Mittwoch, 8. November 2017

Menschen aus Niedersachsen

Heute gab es mal wieder ein Heimspiel: Max Goldt las im Schauspielhaus. Während der Lesung wurde mir die sowohl für ihn als auch für mich recht uncharmante Tatsache bewusst, dass ich seine Veranstaltungen nun schon seit fast 30 (in Worten: dreißig) Jahren besuche. Zum Glück haben Max Goldts Lesungen in dieser langen Zeit nichts an Unterhaltung und Kurzweiligkeit eingebüßt. Wenn es damals schon bei einer aus Gründen weitgehend schwul besuchten Veranstaltung mit Klaus Wowereit hier in unserem Dorf hinter mir hieß, "der Klaus sei aber mopsig geworden",  lassen sich leider nur weniger charmante Worte für die stetige Veränderung im Leibesumfang des Herrn Goldt finden. Naja, wir werden eben alle nicht jünger. Heute Abend fand ich, der Autor sehe ein wenig aus wie Sigmar Gabriel in blond. Ein Vergleich, der mir ganz gut gefiel. Zumal sie doch beide aus Niedersachsen kommen und in den Endfünfzigern sind. Der Sohn fand den Vergleich an den Haaren herbeigezogen, meint er doch, dass Sigmar Gabriel "süß" sei und dessen Haut viel mehr Spannkraft habe.
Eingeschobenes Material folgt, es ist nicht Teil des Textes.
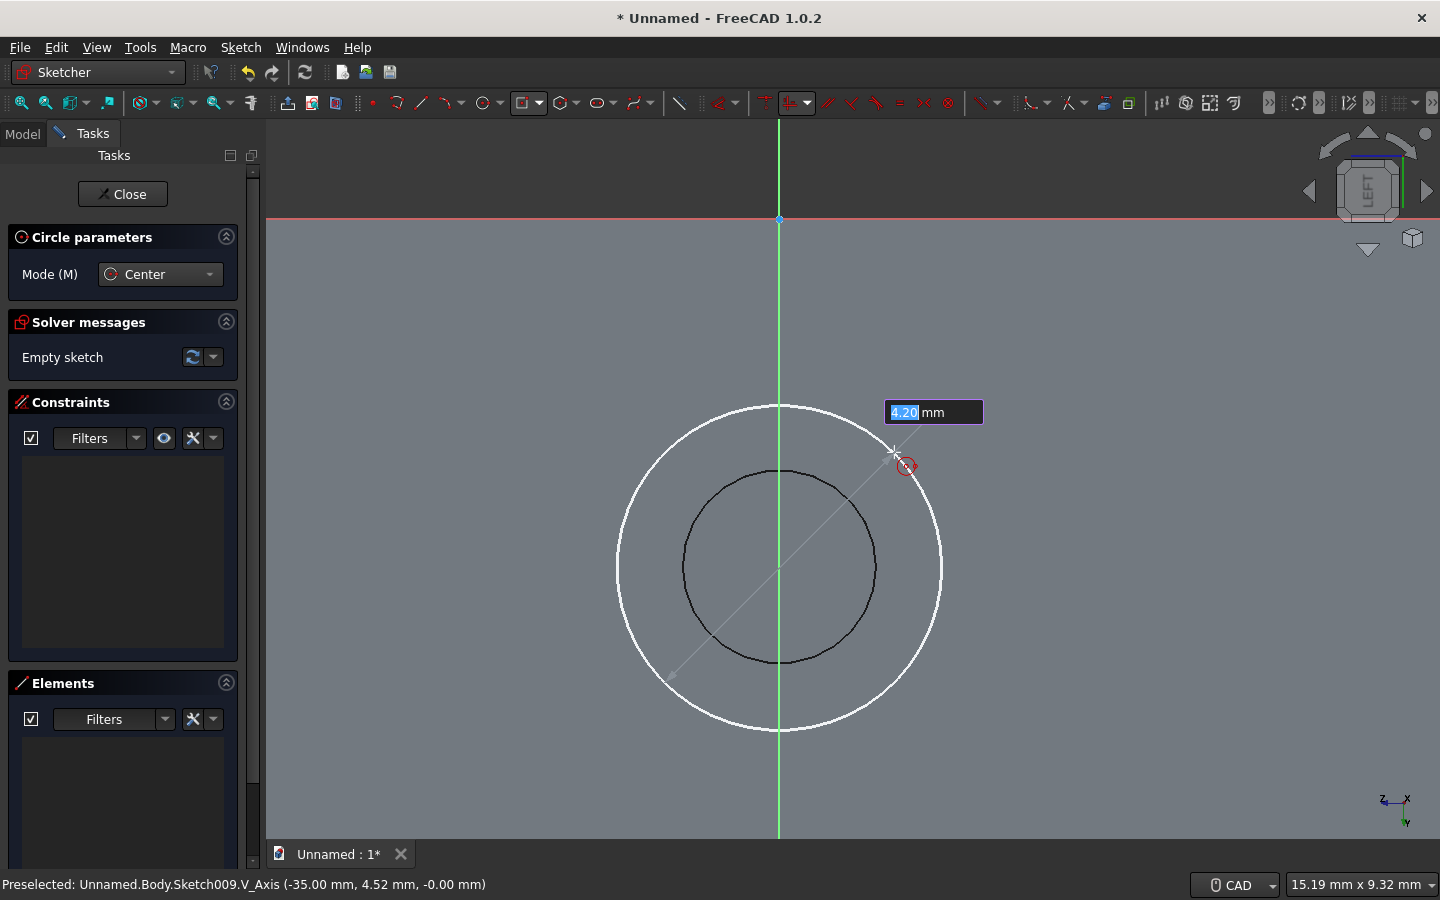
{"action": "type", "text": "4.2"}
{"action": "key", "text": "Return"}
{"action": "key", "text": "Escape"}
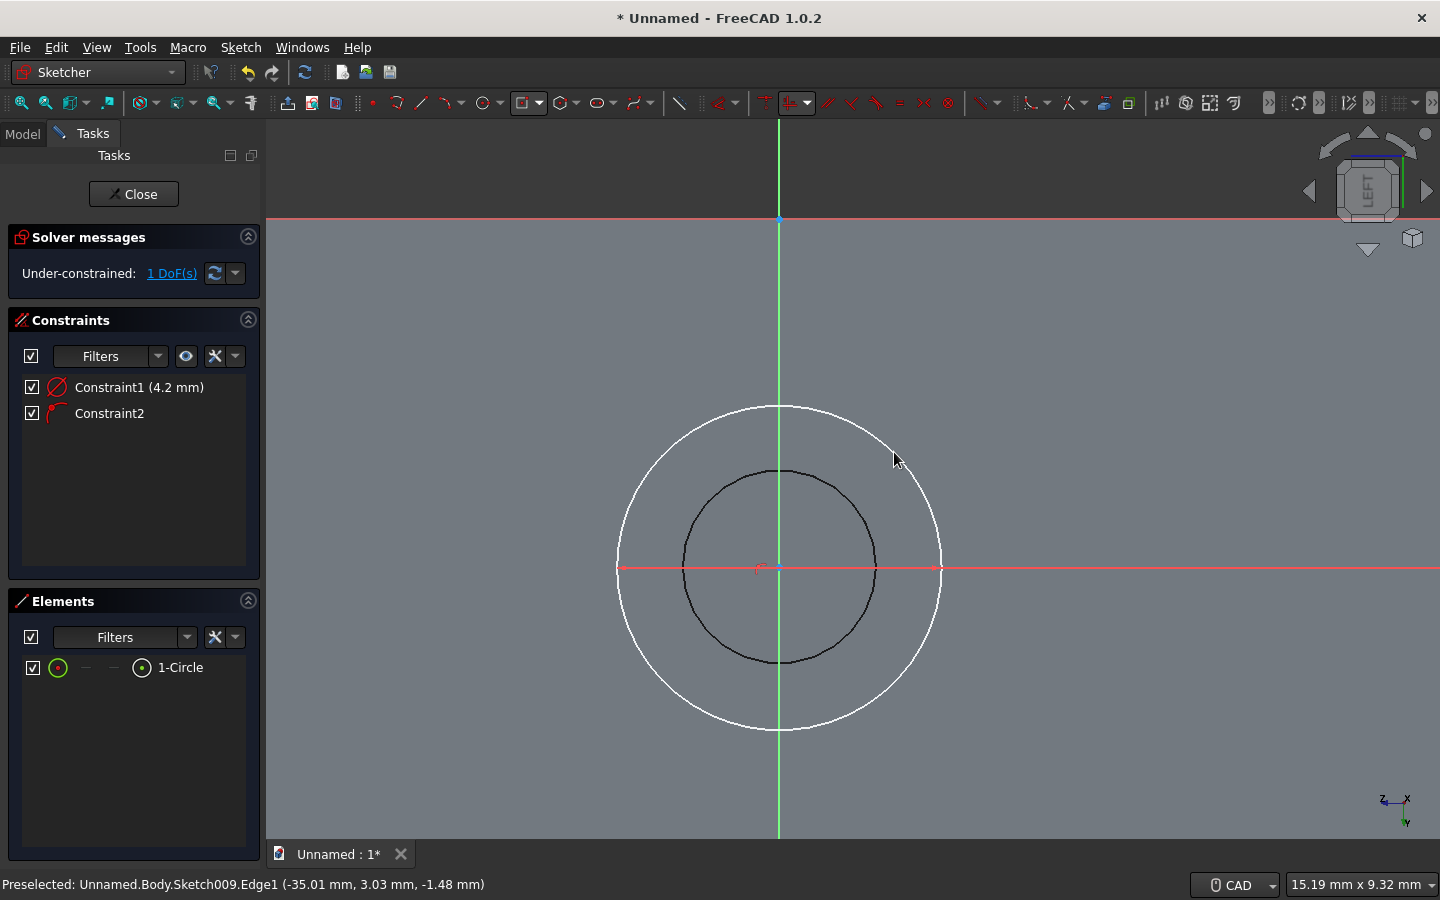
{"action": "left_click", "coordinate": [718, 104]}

Beim Signieren darauf angesprochen erinnerte sich Max Goldt auch an die Lesungen vor langen Jahren in Berlin. "Schreckliche Veranstaltungen" seien das gewesen. Da er zusammen mit Wiglaf Droste las, habe er sich entweder an dessen schlechtes Vorlesen oder an dessen Alkoholpegel oder gar an beides anpassen müssen. Alle Varianten seien ihm in irgendeiner Weise unangenehm gewesen. Darin unterscheidet sich vielleicht am Ende der Niedersachse vom Ostwestfalen.